Exactly reproduce the entries, dropping any pictures from your copy.
━━━━━ Provided entries ━━━━━
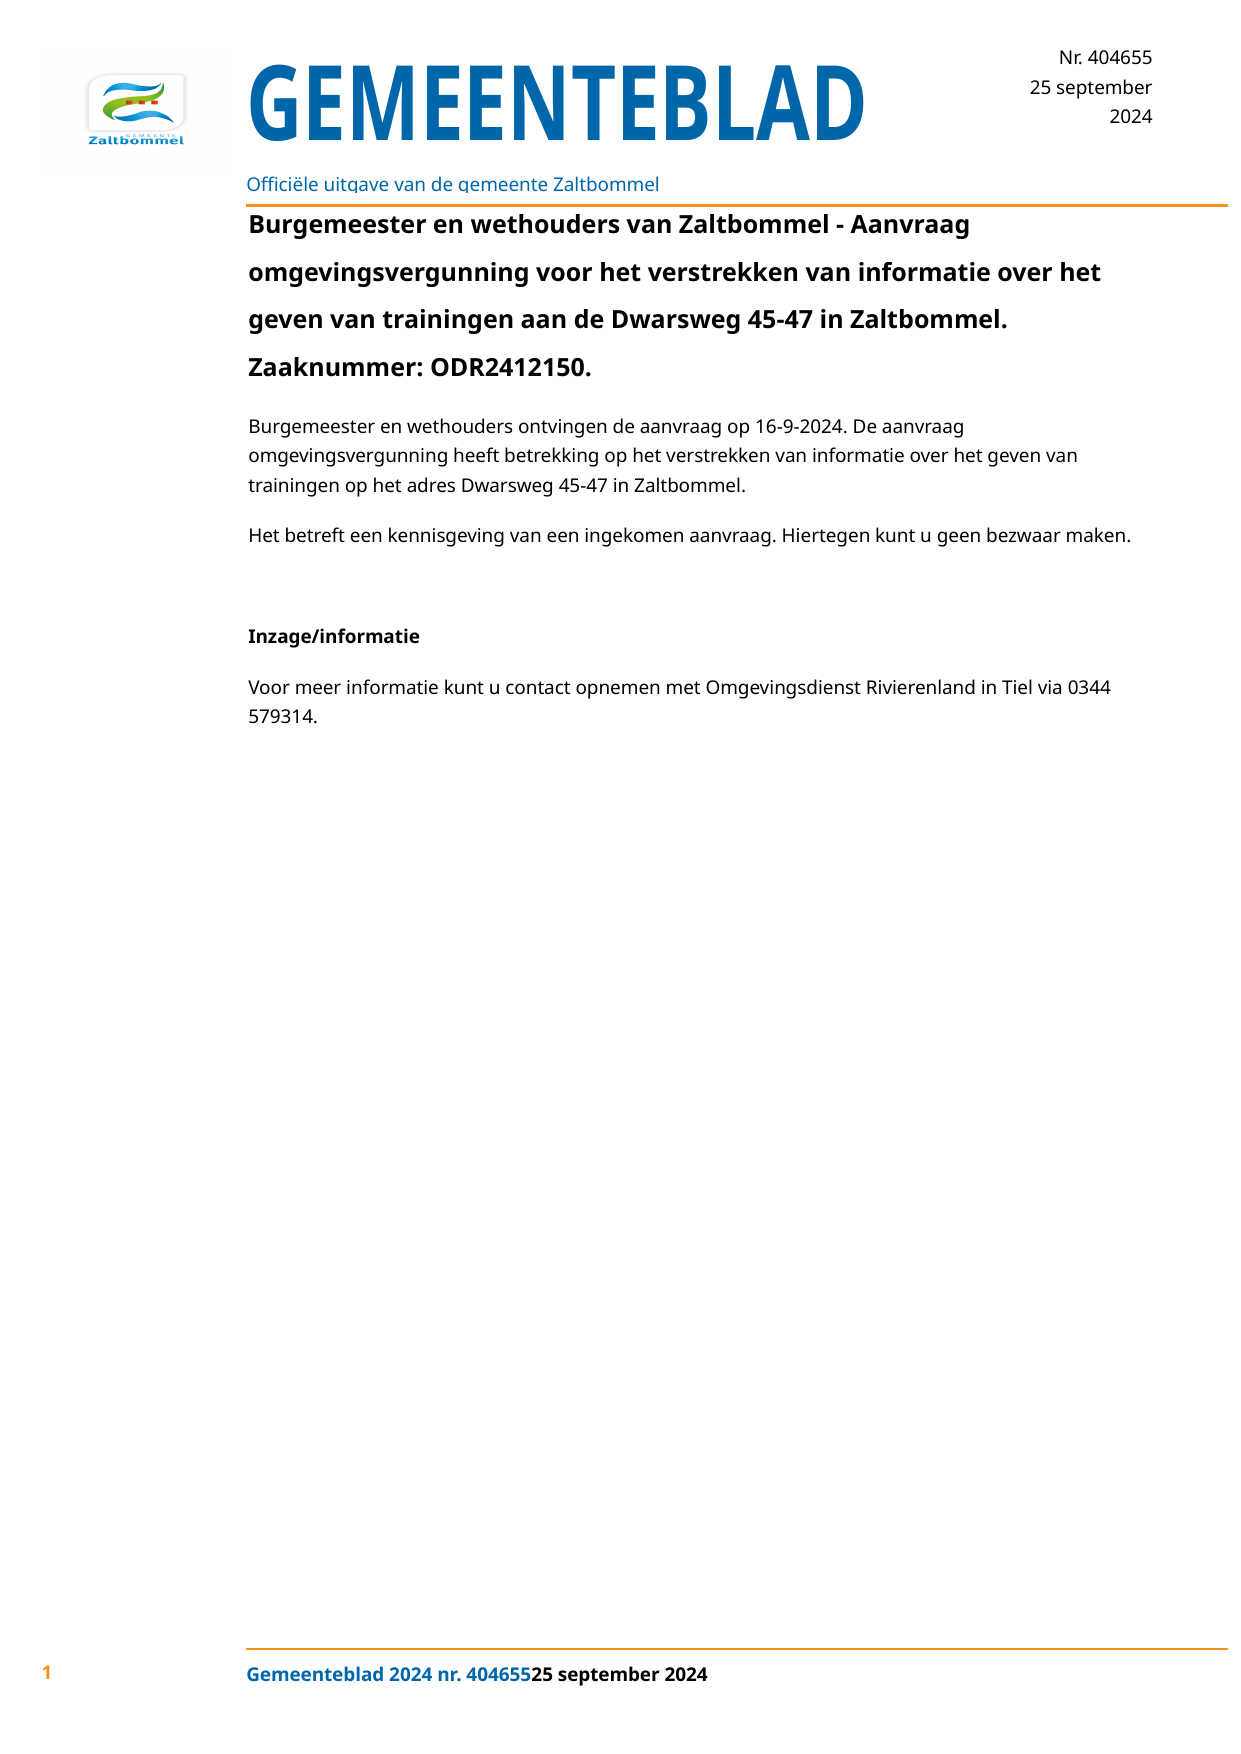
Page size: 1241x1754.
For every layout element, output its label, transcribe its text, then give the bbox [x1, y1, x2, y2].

text Burgemeester en wethouders ontvingen de aanvraag op 16-9-2024. De aanvraag omgevingsvergunning heeft betrekking op het verstrekken van informatie over het geven van trainingen op het adres Dwarsweg 45-47 in Zaltbommel. [248, 413, 1152, 498]
text Inzage/informatie [248, 623, 1152, 649]
text Voor meer informatie kunt u contact opnemen met Omgevingsdienst Rivierenland in Tiel via 0344 579314. [248, 674, 1152, 729]
text Burgemeester en wethouders van Zaltbommel - Aanvraag omgevingsvergunning voor het verstrekken van informatie over het geven van trainingen aan de Dwarsweg 45-47 in Zaltbommel. Zaaknummer: ODR2412150. [248, 207, 1152, 384]
text Het betreft een kennisgeving van een ingekomen aanvraag. Hiertegen kunt u geen bezwaar maken. [248, 523, 1152, 548]
picture [41, 47, 231, 172]
━━━━━
Response below
Page size: 1241x1754.
For every layout element, output its label, transcribe its text, then give the bbox [x1, y1, x2, y2].

text Burgemeester en wethouders ontvingen de aanvraag op 16-9-2024. De aanvraag omgevingsvergunning heeft betrekking op het verstrekken van informatie over het geven van trainingen op het adres Dwarsweg 45-47 in Zaltbommel. [248, 413, 1152, 498]
text Inzage/informatie [248, 623, 1152, 649]
text Voor meer informatie kunt u contact opnemen met Omgevingsdienst Rivierenland in Tiel via 0344 579314. [248, 674, 1152, 729]
text Burgemeester en wethouders van Zaltbommel - Aanvraag omgevingsvergunning voor het verstrekken van informatie over het geven van trainingen aan de Dwarsweg 45-47 in Zaltbommel. Zaaknummer: ODR2412150. [248, 207, 1152, 384]
text Het betreft een kennisgeving van een ingekomen aanvraag. Hiertegen kunt u geen bezwaar maken. [248, 523, 1152, 548]
picture [41, 47, 231, 172]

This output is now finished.